++++ DATA EXTRACT ++++

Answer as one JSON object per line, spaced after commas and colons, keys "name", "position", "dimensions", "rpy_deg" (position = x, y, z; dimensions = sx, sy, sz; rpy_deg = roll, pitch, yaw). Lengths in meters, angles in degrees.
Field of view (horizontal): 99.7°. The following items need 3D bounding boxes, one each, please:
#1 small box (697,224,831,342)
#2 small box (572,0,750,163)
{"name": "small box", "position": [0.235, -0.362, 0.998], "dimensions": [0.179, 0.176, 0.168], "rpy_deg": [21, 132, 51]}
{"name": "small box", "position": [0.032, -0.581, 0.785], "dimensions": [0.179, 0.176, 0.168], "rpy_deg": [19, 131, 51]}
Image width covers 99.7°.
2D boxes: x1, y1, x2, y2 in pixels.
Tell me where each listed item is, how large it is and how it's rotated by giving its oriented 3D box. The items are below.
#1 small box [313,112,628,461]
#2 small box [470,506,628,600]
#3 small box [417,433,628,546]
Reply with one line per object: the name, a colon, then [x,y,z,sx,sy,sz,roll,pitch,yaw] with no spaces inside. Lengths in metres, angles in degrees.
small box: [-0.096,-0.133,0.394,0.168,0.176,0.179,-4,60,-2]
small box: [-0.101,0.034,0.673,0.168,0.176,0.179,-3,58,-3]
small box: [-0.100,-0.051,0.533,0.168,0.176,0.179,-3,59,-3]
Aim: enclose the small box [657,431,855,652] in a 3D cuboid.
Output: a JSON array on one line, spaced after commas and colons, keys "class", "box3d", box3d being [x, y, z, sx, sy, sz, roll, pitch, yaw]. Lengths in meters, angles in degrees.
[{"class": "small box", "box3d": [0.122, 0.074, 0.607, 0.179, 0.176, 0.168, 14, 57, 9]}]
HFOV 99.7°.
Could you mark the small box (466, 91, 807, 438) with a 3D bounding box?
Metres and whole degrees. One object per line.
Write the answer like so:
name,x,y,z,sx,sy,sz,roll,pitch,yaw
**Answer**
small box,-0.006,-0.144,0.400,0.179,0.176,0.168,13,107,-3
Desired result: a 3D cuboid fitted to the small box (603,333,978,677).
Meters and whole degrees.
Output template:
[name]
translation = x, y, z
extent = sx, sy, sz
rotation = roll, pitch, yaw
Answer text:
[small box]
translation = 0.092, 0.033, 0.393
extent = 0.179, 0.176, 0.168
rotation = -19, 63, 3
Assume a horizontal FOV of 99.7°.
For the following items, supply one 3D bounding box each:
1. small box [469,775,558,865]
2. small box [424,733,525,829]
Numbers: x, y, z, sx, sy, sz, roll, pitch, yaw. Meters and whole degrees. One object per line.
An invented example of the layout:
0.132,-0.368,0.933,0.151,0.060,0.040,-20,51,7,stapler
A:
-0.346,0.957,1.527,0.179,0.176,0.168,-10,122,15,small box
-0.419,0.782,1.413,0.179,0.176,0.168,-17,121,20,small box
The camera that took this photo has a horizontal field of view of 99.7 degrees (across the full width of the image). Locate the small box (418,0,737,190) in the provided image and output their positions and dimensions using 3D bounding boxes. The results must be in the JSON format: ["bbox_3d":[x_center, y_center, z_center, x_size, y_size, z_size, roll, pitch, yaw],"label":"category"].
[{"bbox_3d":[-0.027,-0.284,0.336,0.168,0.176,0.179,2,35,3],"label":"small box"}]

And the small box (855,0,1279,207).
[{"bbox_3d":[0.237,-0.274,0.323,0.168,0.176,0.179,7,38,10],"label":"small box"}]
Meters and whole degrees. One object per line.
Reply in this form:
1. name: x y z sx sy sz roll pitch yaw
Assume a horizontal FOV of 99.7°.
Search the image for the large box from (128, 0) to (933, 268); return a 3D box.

++++

### HOW TO COMPLETE THIS TASK
In full and word for word, output the entries.

### TASK OUTPUT
Answer as one JSON object per line, spaced after commas and colons, keys "name", "position", "dimensions", "rpy_deg" (position = x, y, z; dimensions = sx, sy, sz; rpy_deg = roll, pitch, yaw). Lengths in meters, angles in degrees.
Field of view (horizontal): 99.7°. The following items need 3D bounding boxes, one each, please:
#1 small box (697,224,831,342)
#2 small box (572,0,750,163)
{"name": "small box", "position": [0.235, -0.362, 0.998], "dimensions": [0.179, 0.176, 0.168], "rpy_deg": [21, 132, 51]}
{"name": "small box", "position": [0.032, -0.581, 0.785], "dimensions": [0.179, 0.176, 0.168], "rpy_deg": [19, 131, 51]}
Image width covers 99.7°.
2D boxes: x1, y1, x2, y2 in pixels.
Tell me where each listed item is, how large it is and how it's rotated by giving its oriented 3D box. The items are below.
#1 small box [313,112,628,461]
#2 small box [470,506,628,600]
#3 small box [417,433,628,546]
Reply with one line per object: the name, a colon, then [x,y,z,sx,sy,sz,roll,pitch,yaw] with no spaces inside. Lengths in metres, angles in degrees.
small box: [-0.096,-0.133,0.394,0.168,0.176,0.179,-4,60,-2]
small box: [-0.101,0.034,0.673,0.168,0.176,0.179,-3,58,-3]
small box: [-0.100,-0.051,0.533,0.168,0.176,0.179,-3,59,-3]
Aim: enclose the small box [657,431,855,652] in a 3D cuboid.
Output: a JSON array on one line, spaced after commas and colons, keys "class", "box3d", box3d being [x, y, z, sx, sy, sz, roll, pitch, yaw]. Lengths in meters, angles in degrees.
[{"class": "small box", "box3d": [0.122, 0.074, 0.607, 0.179, 0.176, 0.168, 14, 57, 9]}]
HFOV 99.7°.
Could you mark the small box (466, 91, 807, 438) with a 3D bounding box?
Metres and whole degrees. One object per line.
Write the answer like so:
name,x,y,z,sx,sy,sz,roll,pitch,yaw
**Answer**
small box,-0.006,-0.144,0.400,0.179,0.176,0.168,13,107,-3
Desired result: a 3D cuboid fitted to the small box (603,333,978,677).
Meters and whole degrees.
Output template:
[name]
translation = x, y, z
extent = sx, sy, sz
rotation = roll, pitch, yaw
Answer text:
[small box]
translation = 0.092, 0.033, 0.393
extent = 0.179, 0.176, 0.168
rotation = -19, 63, 3
Assume a horizontal FOV of 99.7°.
For the following items, supply one 3D bounding box each:
1. small box [469,775,558,865]
2. small box [424,733,525,829]
Numbers: x, y, z, sx, sy, sz, roll, pitch, yaw. Meters and whole degrees. One object per line.
An invented example of the layout:
0.132,-0.368,0.933,0.151,0.060,0.040,-20,51,7,stapler
A:
-0.346,0.957,1.527,0.179,0.176,0.168,-10,122,15,small box
-0.419,0.782,1.413,0.179,0.176,0.168,-17,121,20,small box
The camera that took this photo has a horizontal field of view of 99.7 degrees (across the full width of the image). Locate the small box (418,0,737,190) in the provided image and output their positions and dimensions using 3D bounding boxes. The results must be in the JSON format: ["bbox_3d":[x_center, y_center, z_center, x_size, y_size, z_size, roll, pitch, yaw],"label":"category"].
[{"bbox_3d":[-0.027,-0.284,0.336,0.168,0.176,0.179,2,35,3],"label":"small box"}]

And the small box (855,0,1279,207).
[{"bbox_3d":[0.237,-0.274,0.323,0.168,0.176,0.179,7,38,10],"label":"small box"}]
Meters and whole degrees. One object per line.
Reply in this form:
1. name: x y z sx sy sz roll pitch yaw
Assume a horizontal FOV of 99.7°.
Search the image for the large box from (128, 0) to (933, 268); return a 3D box.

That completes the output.